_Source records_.
______

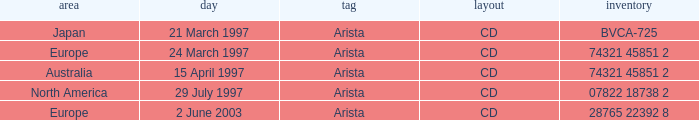Write the full table. {'header': ['area', 'day', 'tag', 'layout', 'inventory'], 'rows': [['Japan', '21 March 1997', 'Arista', 'CD', 'BVCA-725'], ['Europe', '24 March 1997', 'Arista', 'CD', '74321 45851 2'], ['Australia', '15 April 1997', 'Arista', 'CD', '74321 45851 2'], ['North America', '29 July 1997', 'Arista', 'CD', '07822 18738 2'], ['Europe', '2 June 2003', 'Arista', 'CD', '28765 22392 8']]} What's the Date with the Region of Europe and has a Catalog of 28765 22392 8? 2 June 2003. 
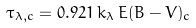Convert formula to latex. <formula><loc_0><loc_0><loc_500><loc_500>\tau _ { \lambda , c } = 0 . 9 2 1 \, k _ { \lambda } \, E ( B - V ) _ { c }</formula> 
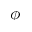<formula> <loc_0><loc_0><loc_500><loc_500>\phi</formula> 
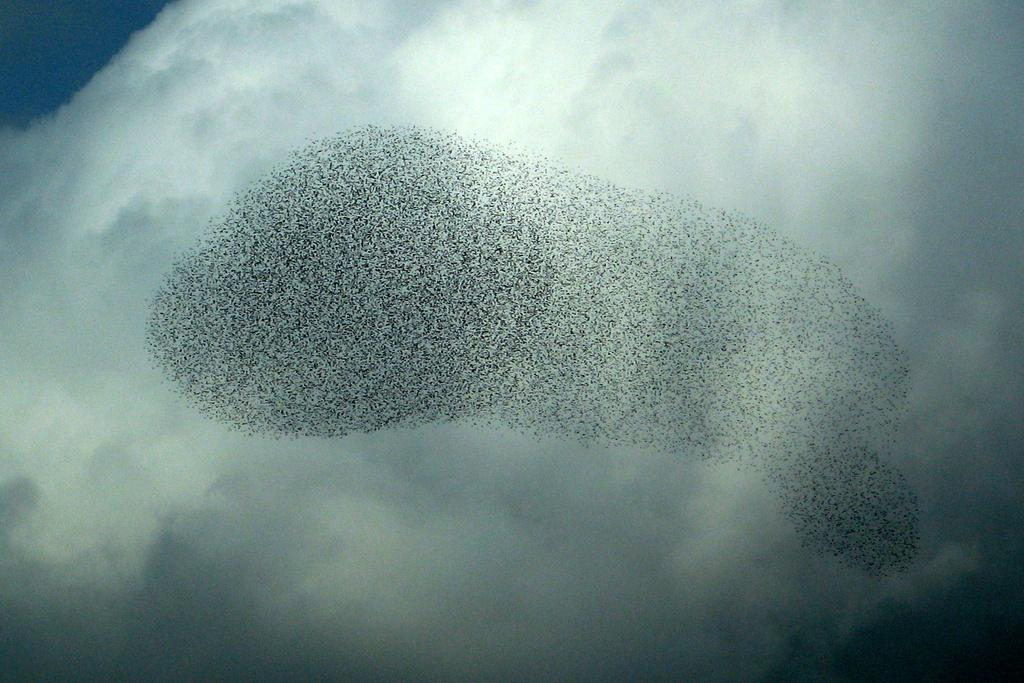What is happening in the air in the image? There are starling murmurations in the air. What can be seen in the sky in the background? There are clouds in the sky in the background. What type of fuel is being used by the stranger on the island in the image? There is no stranger or island present in the image; it features starling murmurations and clouds in the sky. 
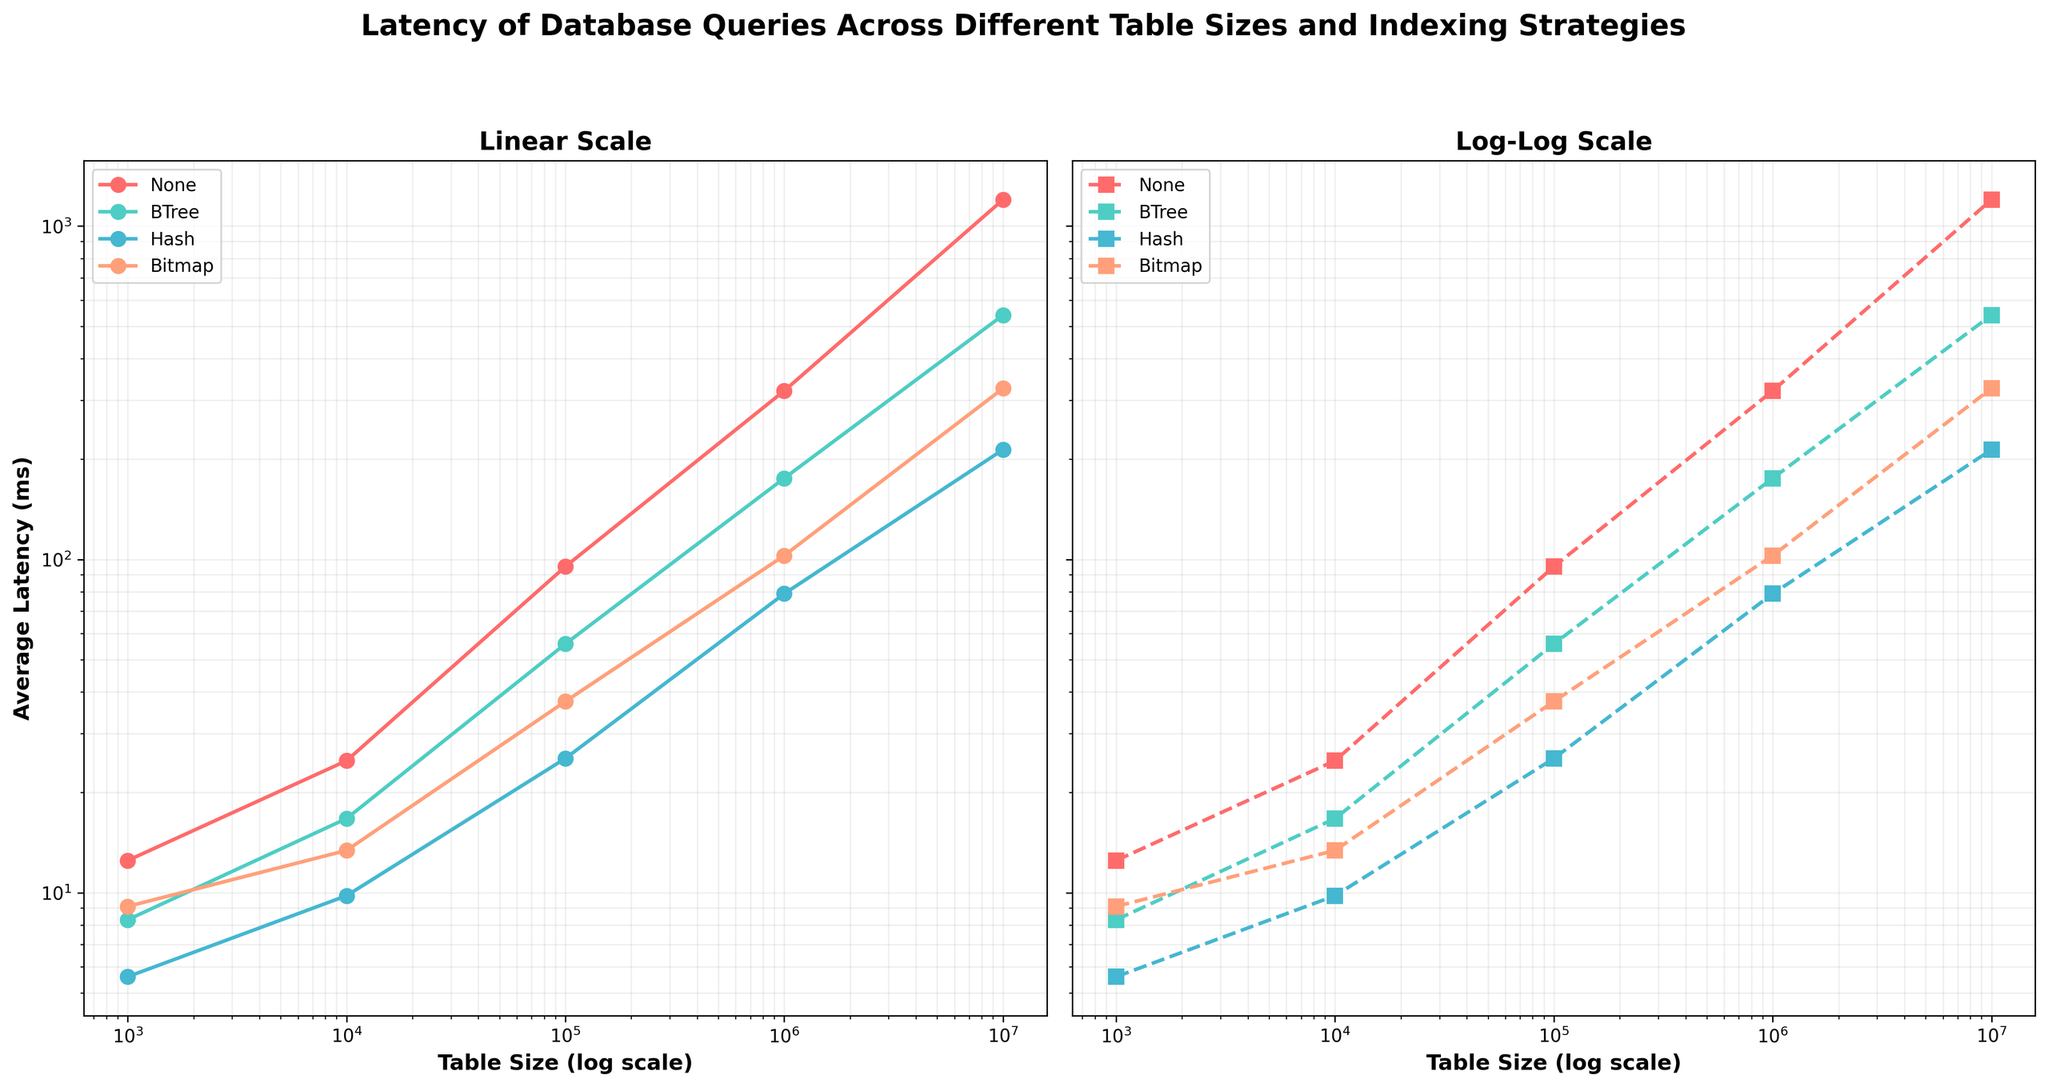What are the indexing strategies used in the figure? The figure's legend in both subplots lists the indexing strategies. These are None, BTree, Hash, and Bitmap.
Answer: None, BTree, Hash, Bitmap How does the latency of queries without indexing change as table size increases? The first subplot shows that the latency of queries with "None" indexing increases significantly as table size grows. It starts from 12.5 ms for table size 1000 and reaches 1200.4 ms for table size 10000000.
Answer: Increases significantly Which indexing strategy has the lowest latency for the largest table size? In the second subplot with log-log scale, the "Hash" indexing strategy shows the lowest latency for the largest table size (10,000,000) corresponding to an average latency of 213.5 ms.
Answer: Hash What is the difference in latency between BTree and Hash indexing strategies for a table size of 1,000,000? From the plots, the latency for BTree at 1,000,000 is 175.2 ms and for Hash is 78.9 ms. The difference is 175.2 - 78.9 = 96.3 ms.
Answer: 96.3 ms Which indexing strategy consistently shows a lower latency compared to Bitmap indexing for all table sizes? By comparing each point across the table sizes, "Hash" indexing consistently shows lower latency compared to "Bitmap" indexing across all table sizes.
Answer: Hash Is there a noticeable difference in trends between linear and log-log scale plots? Yes, while the linear scale shows the absolute value changes, the log-log scale provides a clearer view of the proportional differences and exponential growth patterns. Overall, the relative trends remain consistent, but the log-log scale elucidates exponential patterns.
Answer: Yes For a table size of 10,000, which strategy offers the most improvement over no indexing? For table size 10000, "None" indexing has a latency of 24.9 ms. "Hash" indexing has the lowest latency of 9.8 ms. The improvement is 24.9 - 9.8 = 15.1 ms.
Answer: Hash What can you infer about the effectiveness of the Bitmap strategy for large tables? The Bitmap indexing strategy has higher latencies compared to Hash and BTree strategies for larger table sizes (1,000,000 and 10,000,000). This suggests that Bitmap is less effective for very large tables.
Answer: Less effective How does the log scale affect the visualization of differences in latency across indexing strategies? The log scale in the x-axis (table size) and y-axis (latency) shrinks the distance between large values, making it easier to compare relative differences between strategies, especially for larger table sizes, illustrating proportional growth more clearly.
Answer: Easier comparison of proportional growth 
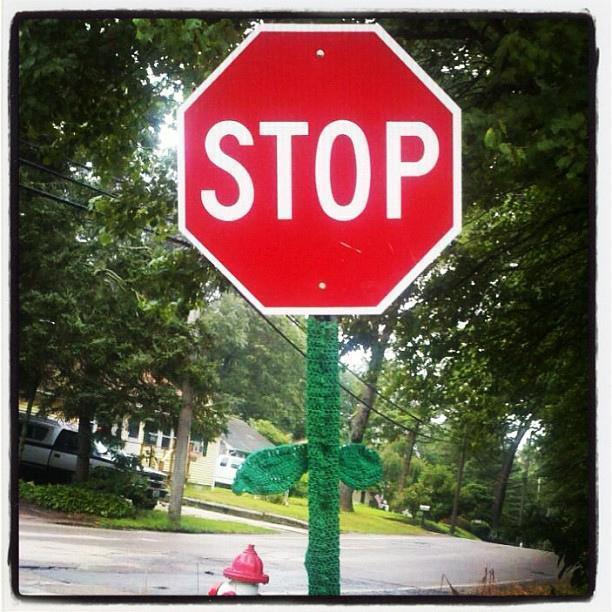How many vehicles are in the background?
Give a very brief answer. 1. How many people are wearing white shirt?
Give a very brief answer. 0. 
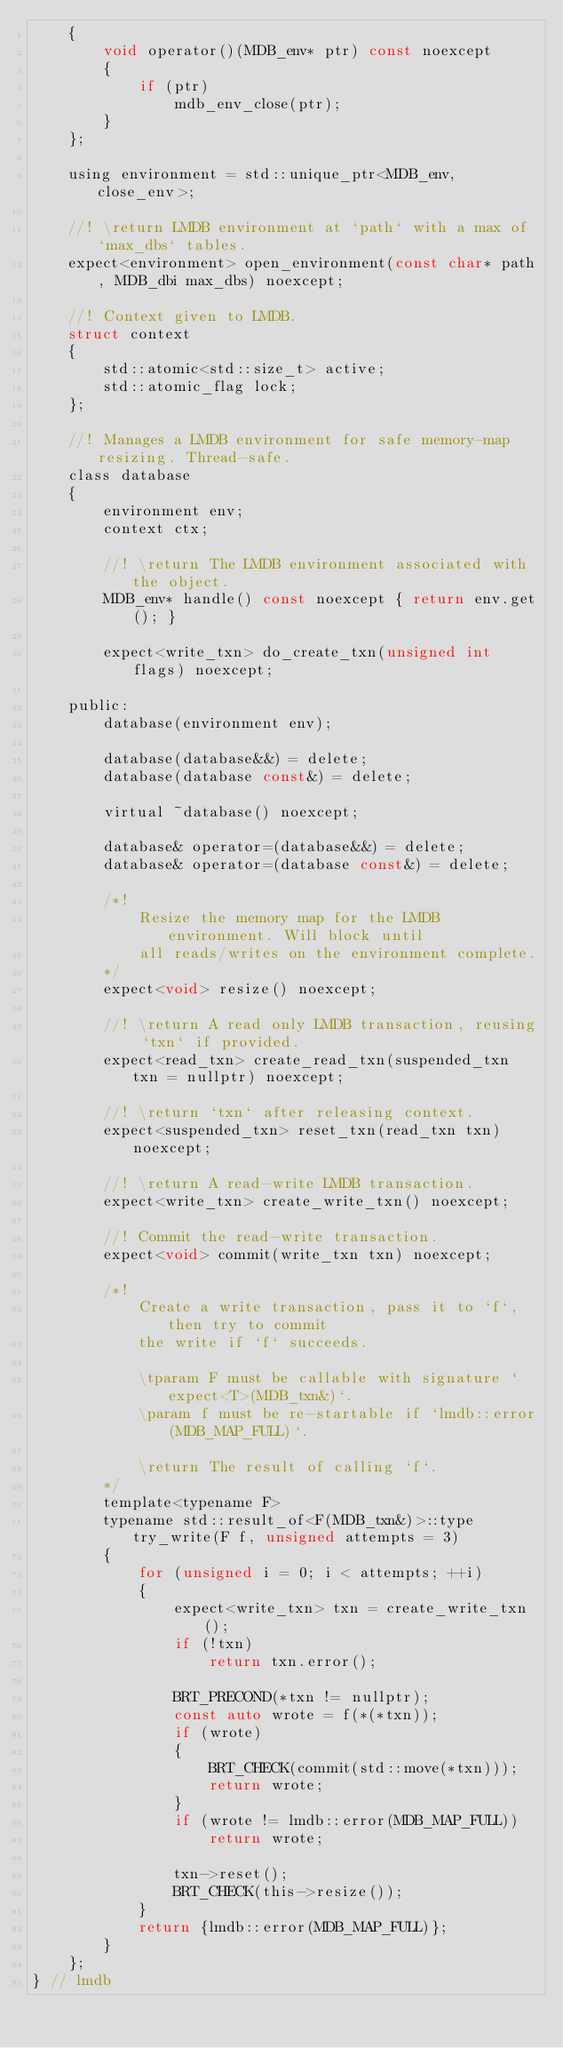Convert code to text. <code><loc_0><loc_0><loc_500><loc_500><_C_>    {
        void operator()(MDB_env* ptr) const noexcept
        {
            if (ptr)
                mdb_env_close(ptr);
        }
    };

    using environment = std::unique_ptr<MDB_env, close_env>;

    //! \return LMDB environment at `path` with a max of `max_dbs` tables.
    expect<environment> open_environment(const char* path, MDB_dbi max_dbs) noexcept;

    //! Context given to LMDB.
    struct context
    {
        std::atomic<std::size_t> active;
        std::atomic_flag lock;
    };

    //! Manages a LMDB environment for safe memory-map resizing. Thread-safe.
    class database
    {
        environment env;
        context ctx;

        //! \return The LMDB environment associated with the object.
        MDB_env* handle() const noexcept { return env.get(); }

        expect<write_txn> do_create_txn(unsigned int flags) noexcept;

    public: 
        database(environment env);

        database(database&&) = delete;
        database(database const&) = delete;

        virtual ~database() noexcept;

        database& operator=(database&&) = delete;
        database& operator=(database const&) = delete;

        /*!
            Resize the memory map for the LMDB environment. Will block until
            all reads/writes on the environment complete.
        */
        expect<void> resize() noexcept;

        //! \return A read only LMDB transaction, reusing `txn` if provided.
        expect<read_txn> create_read_txn(suspended_txn txn = nullptr) noexcept;

        //! \return `txn` after releasing context.
        expect<suspended_txn> reset_txn(read_txn txn) noexcept;

        //! \return A read-write LMDB transaction.
        expect<write_txn> create_write_txn() noexcept;

        //! Commit the read-write transaction.
        expect<void> commit(write_txn txn) noexcept;

        /*!
            Create a write transaction, pass it to `f`, then try to commit
            the write if `f` succeeds.

            \tparam F must be callable with signature `expect<T>(MDB_txn&)`.
            \param f must be re-startable if `lmdb::error(MDB_MAP_FULL)`.

            \return The result of calling `f`.
        */
        template<typename F>
        typename std::result_of<F(MDB_txn&)>::type try_write(F f, unsigned attempts = 3)
        {
            for (unsigned i = 0; i < attempts; ++i)
            {
                expect<write_txn> txn = create_write_txn();
                if (!txn)
                    return txn.error();

                BRT_PRECOND(*txn != nullptr);
                const auto wrote = f(*(*txn));
                if (wrote)
                {
                    BRT_CHECK(commit(std::move(*txn)));
                    return wrote;
                }
                if (wrote != lmdb::error(MDB_MAP_FULL))
                    return wrote;

                txn->reset();
                BRT_CHECK(this->resize());
            }
            return {lmdb::error(MDB_MAP_FULL)};
        }
    };
} // lmdb

</code>

______

_Goal of the exercise_. Give every line of the data above again as it stands; the pictures stay out.

_Reply_.
Write the full table. {'header': ['area', 'day', 'tag', 'layout', 'inventory'], 'rows': [['Japan', '21 March 1997', 'Arista', 'CD', 'BVCA-725'], ['Europe', '24 March 1997', 'Arista', 'CD', '74321 45851 2'], ['Australia', '15 April 1997', 'Arista', 'CD', '74321 45851 2'], ['North America', '29 July 1997', 'Arista', 'CD', '07822 18738 2'], ['Europe', '2 June 2003', 'Arista', 'CD', '28765 22392 8']]} What's the Date with the Region of Europe and has a Catalog of 28765 22392 8? 2 June 2003. 
Convert formula to latex. <formula><loc_0><loc_0><loc_500><loc_500>\tau _ { \lambda , c } = 0 . 9 2 1 \, k _ { \lambda } \, E ( B - V ) _ { c }</formula> 
<formula> <loc_0><loc_0><loc_500><loc_500>\phi</formula> 
What is happening in the air in the image? There are starling murmurations in the air. What can be seen in the sky in the background? There are clouds in the sky in the background. What type of fuel is being used by the stranger on the island in the image? There is no stranger or island present in the image; it features starling murmurations and clouds in the sky. 
What are the indexing strategies used in the figure? The figure's legend in both subplots lists the indexing strategies. These are None, BTree, Hash, and Bitmap.
Answer: None, BTree, Hash, Bitmap How does the latency of queries without indexing change as table size increases? The first subplot shows that the latency of queries with "None" indexing increases significantly as table size grows. It starts from 12.5 ms for table size 1000 and reaches 1200.4 ms for table size 10000000.
Answer: Increases significantly Which indexing strategy has the lowest latency for the largest table size? In the second subplot with log-log scale, the "Hash" indexing strategy shows the lowest latency for the largest table size (10,000,000) corresponding to an average latency of 213.5 ms.
Answer: Hash What is the difference in latency between BTree and Hash indexing strategies for a table size of 1,000,000? From the plots, the latency for BTree at 1,000,000 is 175.2 ms and for Hash is 78.9 ms. The difference is 175.2 - 78.9 = 96.3 ms.
Answer: 96.3 ms Which indexing strategy consistently shows a lower latency compared to Bitmap indexing for all table sizes? By comparing each point across the table sizes, "Hash" indexing consistently shows lower latency compared to "Bitmap" indexing across all table sizes.
Answer: Hash Is there a noticeable difference in trends between linear and log-log scale plots? Yes, while the linear scale shows the absolute value changes, the log-log scale provides a clearer view of the proportional differences and exponential growth patterns. Overall, the relative trends remain consistent, but the log-log scale elucidates exponential patterns.
Answer: Yes For a table size of 10,000, which strategy offers the most improvement over no indexing? For table size 10000, "None" indexing has a latency of 24.9 ms. "Hash" indexing has the lowest latency of 9.8 ms. The improvement is 24.9 - 9.8 = 15.1 ms.
Answer: Hash What can you infer about the effectiveness of the Bitmap strategy for large tables? The Bitmap indexing strategy has higher latencies compared to Hash and BTree strategies for larger table sizes (1,000,000 and 10,000,000). This suggests that Bitmap is less effective for very large tables.
Answer: Less effective How does the log scale affect the visualization of differences in latency across indexing strategies? The log scale in the x-axis (table size) and y-axis (latency) shrinks the distance between large values, making it easier to compare relative differences between strategies, especially for larger table sizes, illustrating proportional growth more clearly.
Answer: Easier comparison of proportional growth 
How many vehicles are in the background?
Give a very brief answer. 1. How many people are wearing white shirt?
Give a very brief answer. 0. 
Convert code to text. <code><loc_0><loc_0><loc_500><loc_500><_C_>    {
        void operator()(MDB_env* ptr) const noexcept
        {
            if (ptr)
                mdb_env_close(ptr);
        }
    };

    using environment = std::unique_ptr<MDB_env, close_env>;

    //! \return LMDB environment at `path` with a max of `max_dbs` tables.
    expect<environment> open_environment(const char* path, MDB_dbi max_dbs) noexcept;

    //! Context given to LMDB.
    struct context
    {
        std::atomic<std::size_t> active;
        std::atomic_flag lock;
    };

    //! Manages a LMDB environment for safe memory-map resizing. Thread-safe.
    class database
    {
        environment env;
        context ctx;

        //! \return The LMDB environment associated with the object.
        MDB_env* handle() const noexcept { return env.get(); }

        expect<write_txn> do_create_txn(unsigned int flags) noexcept;

    public: 
        database(environment env);

        database(database&&) = delete;
        database(database const&) = delete;

        virtual ~database() noexcept;

        database& operator=(database&&) = delete;
        database& operator=(database const&) = delete;

        /*!
            Resize the memory map for the LMDB environment. Will block until
            all reads/writes on the environment complete.
        */
        expect<void> resize() noexcept;

        //! \return A read only LMDB transaction, reusing `txn` if provided.
        expect<read_txn> create_read_txn(suspended_txn txn = nullptr) noexcept;

        //! \return `txn` after releasing context.
        expect<suspended_txn> reset_txn(read_txn txn) noexcept;

        //! \return A read-write LMDB transaction.
        expect<write_txn> create_write_txn() noexcept;

        //! Commit the read-write transaction.
        expect<void> commit(write_txn txn) noexcept;

        /*!
            Create a write transaction, pass it to `f`, then try to commit
            the write if `f` succeeds.

            \tparam F must be callable with signature `expect<T>(MDB_txn&)`.
            \param f must be re-startable if `lmdb::error(MDB_MAP_FULL)`.

            \return The result of calling `f`.
        */
        template<typename F>
        typename std::result_of<F(MDB_txn&)>::type try_write(F f, unsigned attempts = 3)
        {
            for (unsigned i = 0; i < attempts; ++i)
            {
                expect<write_txn> txn = create_write_txn();
                if (!txn)
                    return txn.error();

                BRT_PRECOND(*txn != nullptr);
                const auto wrote = f(*(*txn));
                if (wrote)
                {
                    BRT_CHECK(commit(std::move(*txn)));
                    return wrote;
                }
                if (wrote != lmdb::error(MDB_MAP_FULL))
                    return wrote;

                txn->reset();
                BRT_CHECK(this->resize());
            }
            return {lmdb::error(MDB_MAP_FULL)};
        }
    };
} // lmdb

</code>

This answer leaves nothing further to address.